Many forms of statistical falsification are devilishly difficult to catch, or close enough to a genuine judgment call to provide plausible deniability. Data analysis is very much an art, and one that affords even its most scrupulous practitioners a wide degree of latitude. Which of these two statistical tests, both applicable to this situation, should be used? Should a subpopulation of the research sample with some common criterion be picked out and reanalyzed as if it were the totality? Which of the hundreds of coincident factors measured should be controlled for, and how? The same freedom that empowers a statistician to pick a true signal out of the noise also enables a dishonest scientist to manufacture nearly any result he or she wishes.
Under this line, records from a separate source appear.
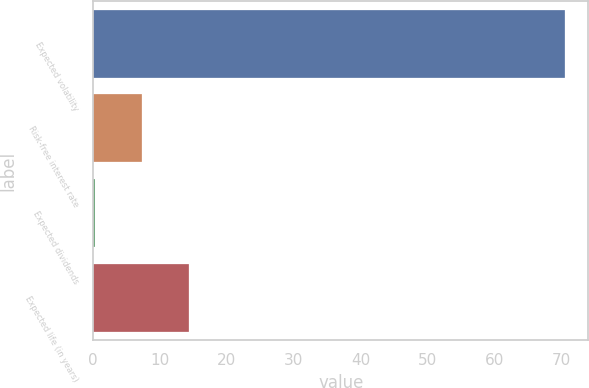<chart> <loc_0><loc_0><loc_500><loc_500><bar_chart><fcel>Expected volatility<fcel>Risk-free interest rate<fcel>Expected dividends<fcel>Expected life (in years)<nl><fcel>70.51<fcel>7.28<fcel>0.25<fcel>14.31<nl></chart> 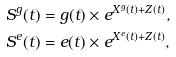<formula> <loc_0><loc_0><loc_500><loc_500>S ^ { g } ( t ) & = g ( t ) \times e ^ { X ^ { g } ( t ) + Z ( t ) } , \\ S ^ { e } ( t ) & = e ( t ) \times e ^ { X ^ { e } ( t ) + Z ( t ) } ,</formula> 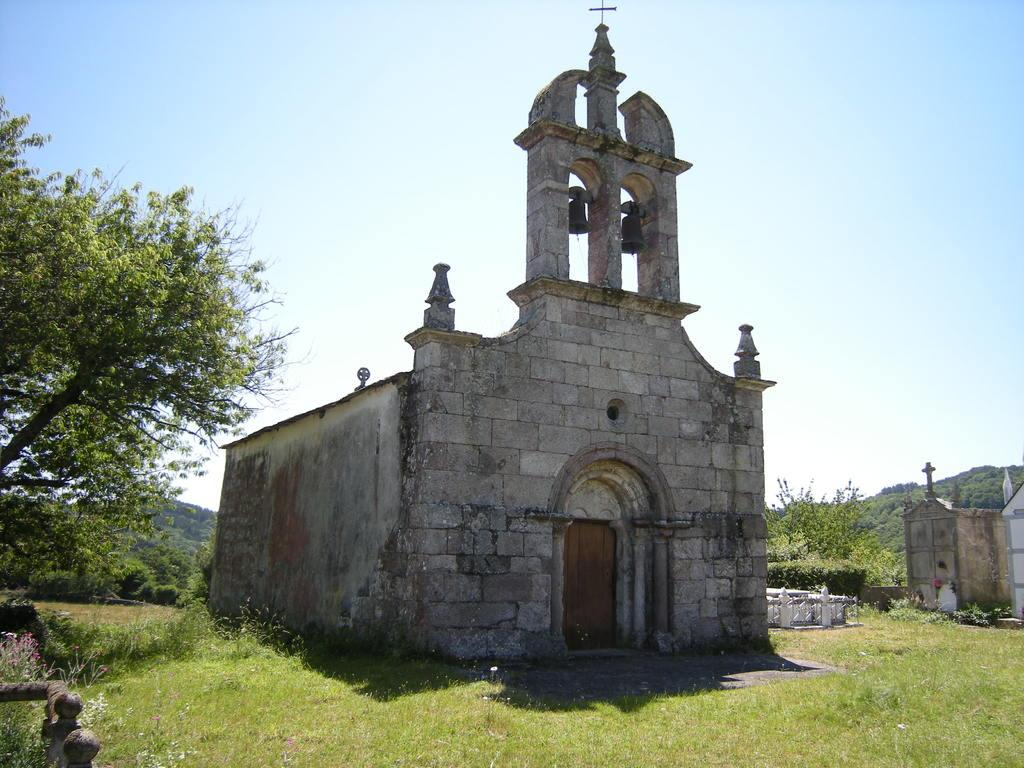What type of structure is in the image? There is a building in the image. What colors are used for the building? The building is in gray and white color. What can be seen in the background of the image? There are trees and the sky visible in the background of the image. What color are the trees? The trees are in green color. What colors are used for the sky? The sky is in white and blue color. What type of hook can be seen hanging from the building in the image? There is no hook present in the image; it only features a building, trees, and the sky. 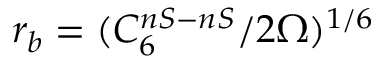<formula> <loc_0><loc_0><loc_500><loc_500>r _ { b } = ( C _ { 6 } ^ { n S - n S } / 2 \Omega ) ^ { 1 / 6 }</formula> 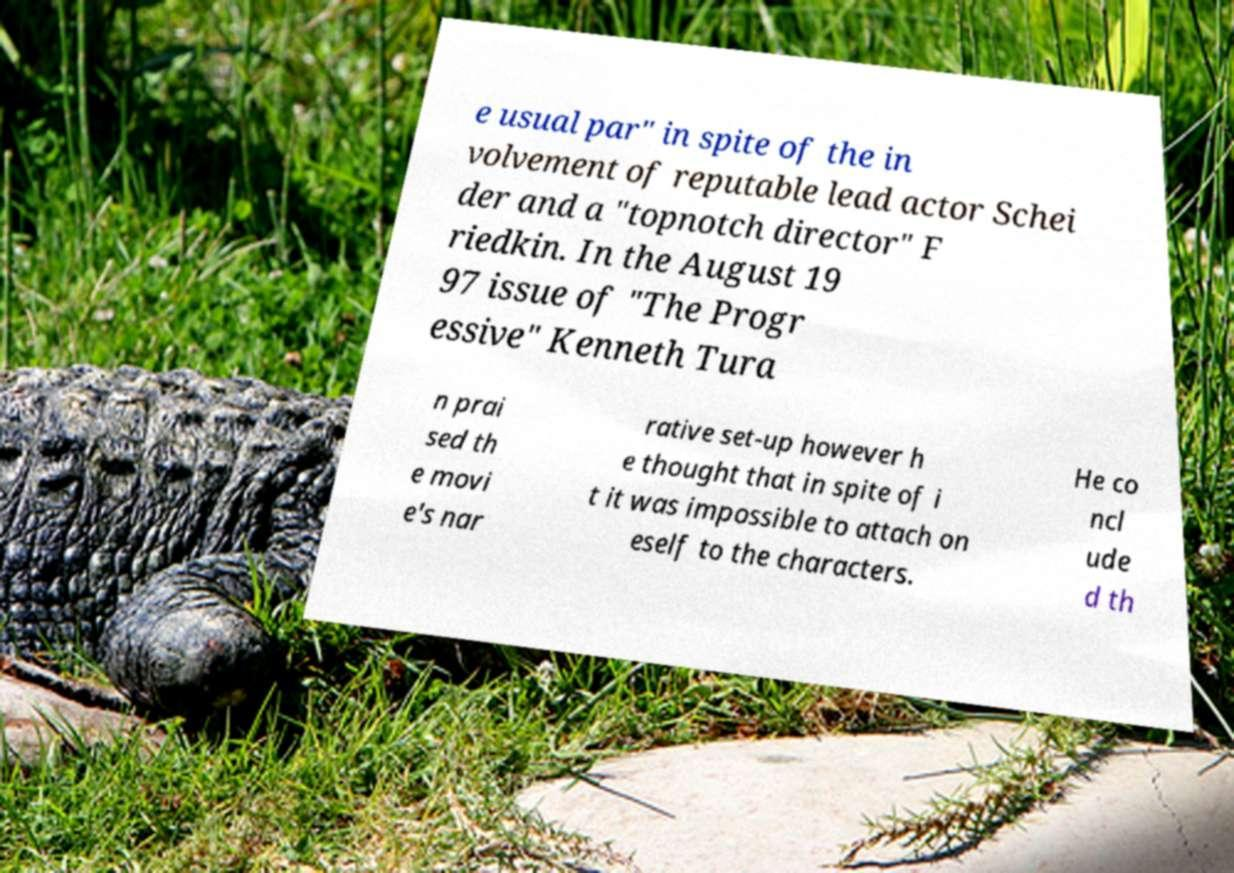Can you read and provide the text displayed in the image?This photo seems to have some interesting text. Can you extract and type it out for me? e usual par" in spite of the in volvement of reputable lead actor Schei der and a "topnotch director" F riedkin. In the August 19 97 issue of "The Progr essive" Kenneth Tura n prai sed th e movi e's nar rative set-up however h e thought that in spite of i t it was impossible to attach on eself to the characters. He co ncl ude d th 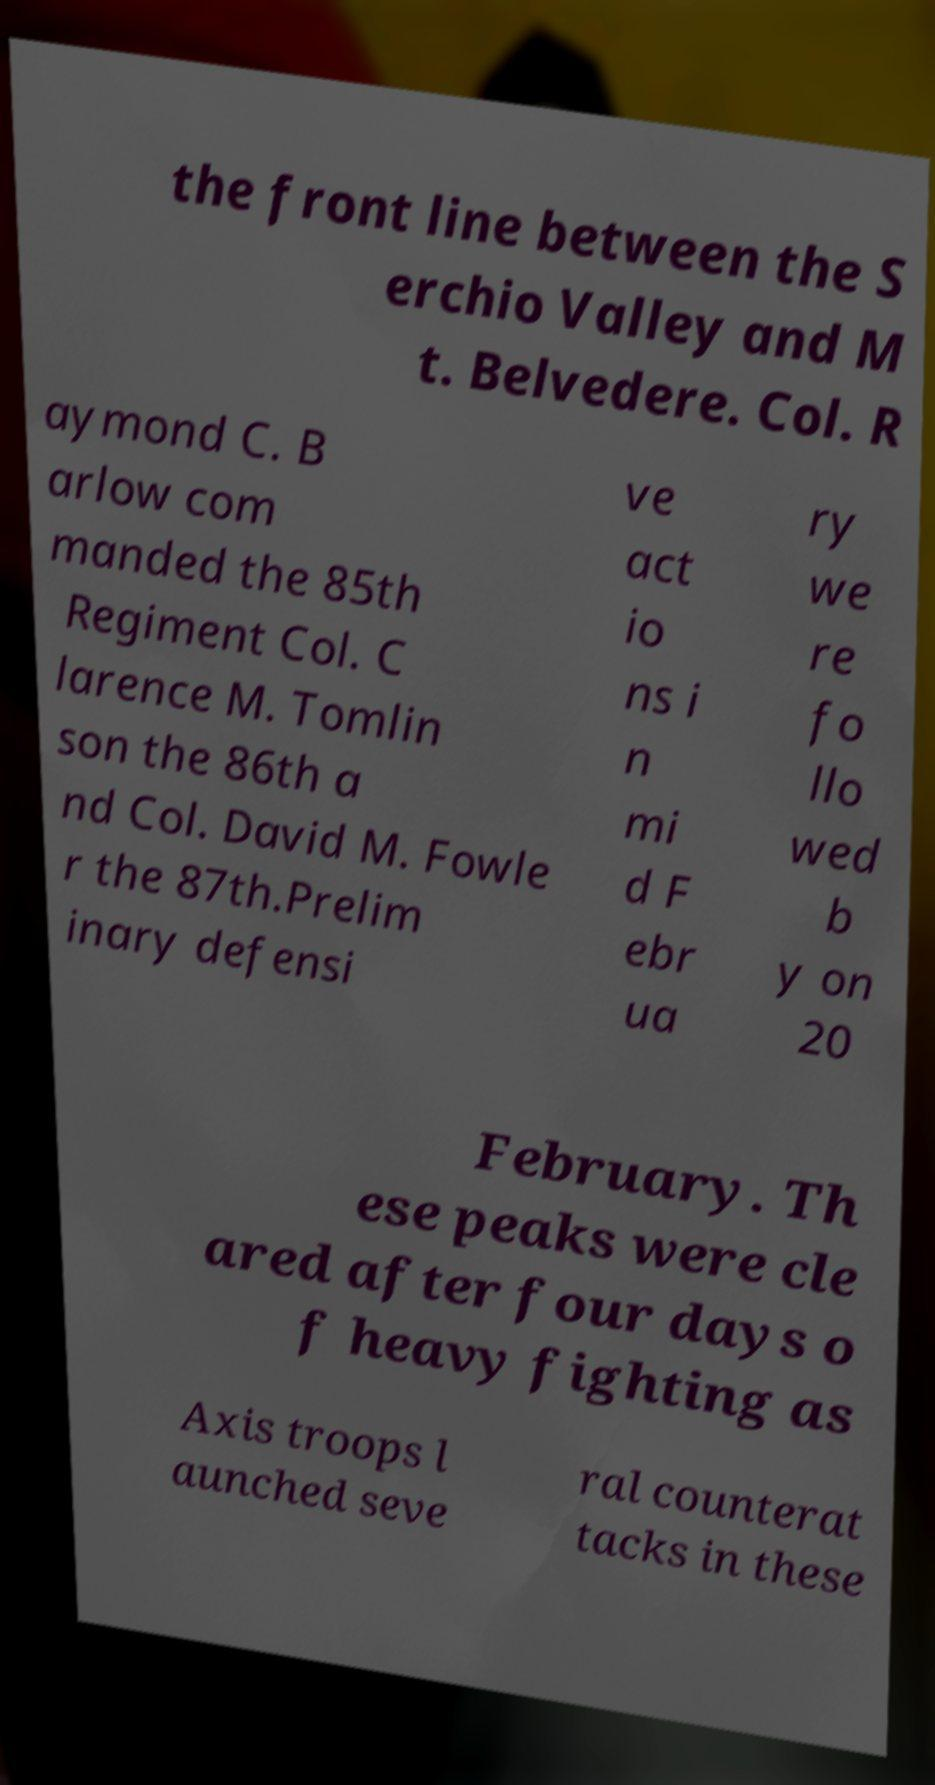I need the written content from this picture converted into text. Can you do that? the front line between the S erchio Valley and M t. Belvedere. Col. R aymond C. B arlow com manded the 85th Regiment Col. C larence M. Tomlin son the 86th a nd Col. David M. Fowle r the 87th.Prelim inary defensi ve act io ns i n mi d F ebr ua ry we re fo llo wed b y on 20 February. Th ese peaks were cle ared after four days o f heavy fighting as Axis troops l aunched seve ral counterat tacks in these 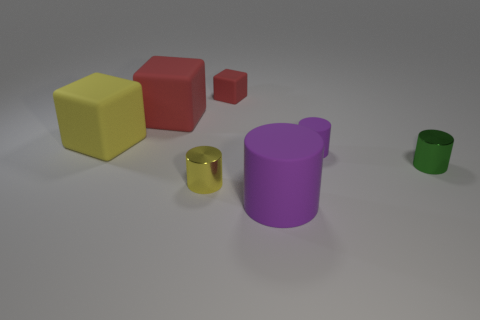Are the small green thing and the tiny cube made of the same material?
Your answer should be compact. No. What number of other objects are there of the same size as the green cylinder?
Offer a terse response. 3. What color is the cylinder that is on the right side of the purple thing behind the large purple matte cylinder?
Keep it short and to the point. Green. What number of other things are there of the same shape as the large yellow rubber object?
Keep it short and to the point. 2. Are there any things that have the same material as the small red cube?
Provide a short and direct response. Yes. There is a yellow cylinder that is the same size as the green metallic cylinder; what is it made of?
Ensure brevity in your answer.  Metal. What is the color of the large thing right of the small cylinder in front of the object that is to the right of the tiny purple cylinder?
Provide a succinct answer. Purple. There is a red thing that is on the right side of the small yellow cylinder; does it have the same shape as the yellow object that is behind the small green metallic cylinder?
Your response must be concise. Yes. What number of small green rubber things are there?
Offer a terse response. 0. There is a shiny object that is the same size as the yellow metallic cylinder; what color is it?
Offer a very short reply. Green.

Cajoling statistical significance where in reality there is none, a practice commonly known as “p-hacking,” is particularly easy to accomplish and difficult to detect on a case-by-case basis. And since the vast majority of studies still do not report their raw data along with their findings, there is often nothing to re-analyze and check even if there were volunteers with the time and inclination to do so.
One creative attempt to estimate how widespread such dishonesty really is involves comparisons between fields of varying “hardness.” The author, Daniele Fanelli, theorized that the farther from physics one gets, the more freedom creeps into one’s experimental methodology, and the fewer constraints there are on a scientist’s conscious and unconscious biases. If all scientists were constantly attempting to influence the results of their analyses, but had more opportunities to do so the “softer” the science, then we might expect that the social sciences have more papers that confirm a sought-after hypothesis than do the physical sciences, with medicine and biology somewhere in the middle.
This is exactly what the study discovered: A paper in psychology or psychiatry is about five times as likely to report a positive result as one in astrophysics. This is not necessarily evidence that psychologists are all consciously or unconsciously manipulating their data—it could also be evidence of massive publication bias—but either way, the result is disturbing.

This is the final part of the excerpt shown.